> **TASK DETAILS**
Reproduce exactly the line that contains "Task: Locate the" and every line after it through the end of the records below, leaving out all pictures.

> **DATA EXTRACT**
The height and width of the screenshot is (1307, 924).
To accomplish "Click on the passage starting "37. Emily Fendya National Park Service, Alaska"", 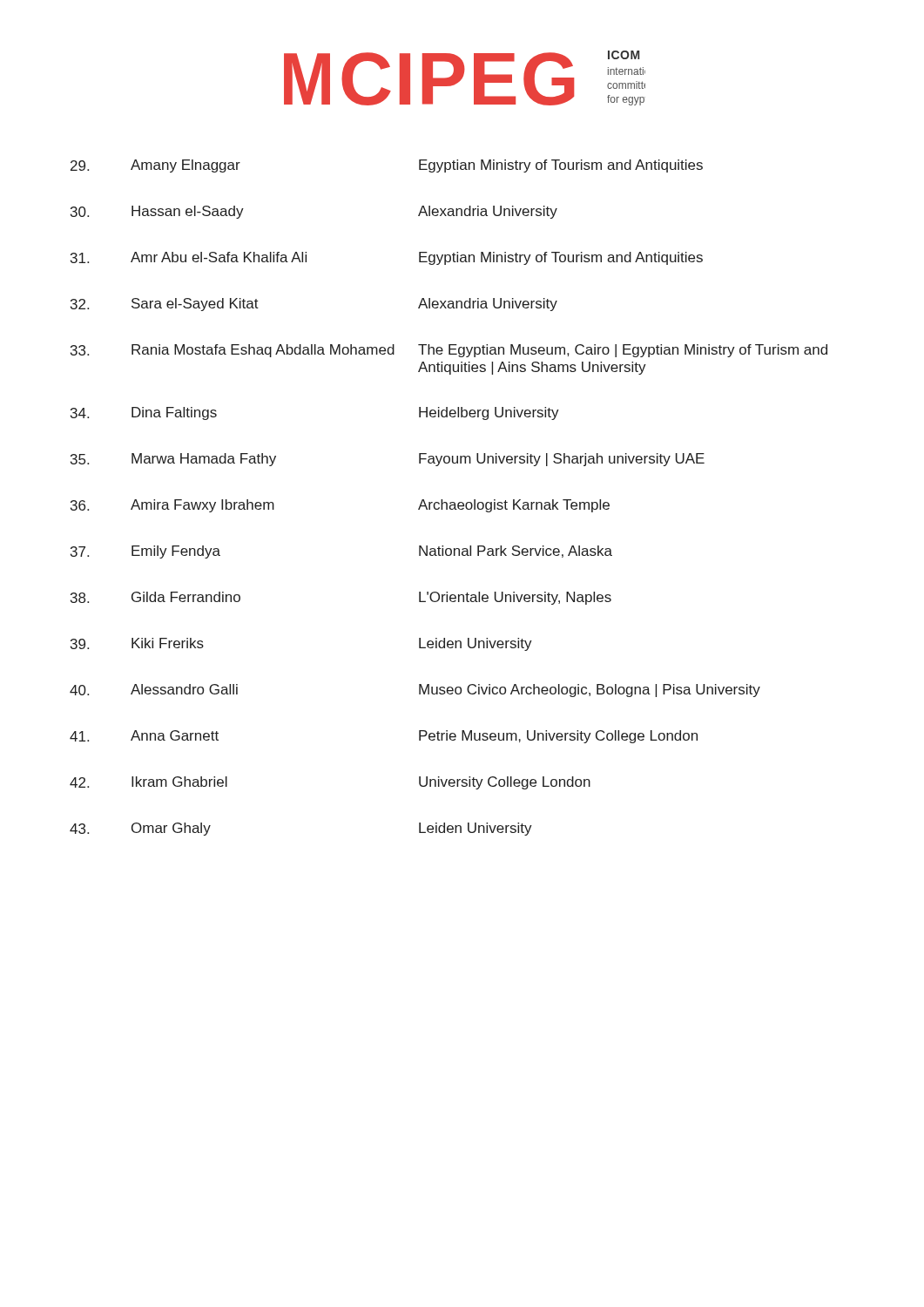I will (462, 552).
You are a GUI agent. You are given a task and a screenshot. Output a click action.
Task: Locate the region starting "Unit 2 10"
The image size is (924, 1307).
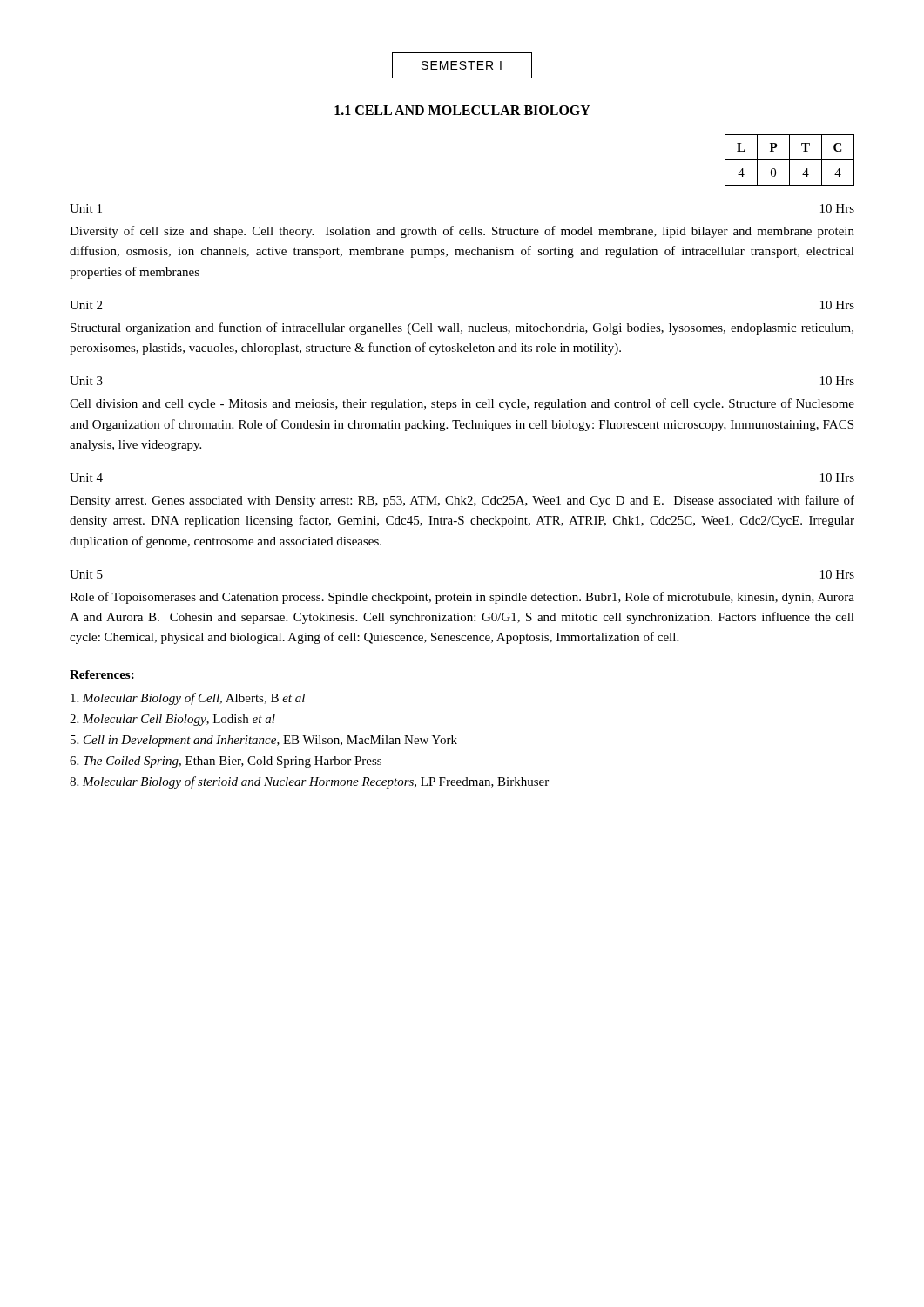[x=88, y=305]

> **FINAL ANSWER**
Task: Locate the region starting "Unit 2 10"
The image size is (924, 1307).
[x=88, y=305]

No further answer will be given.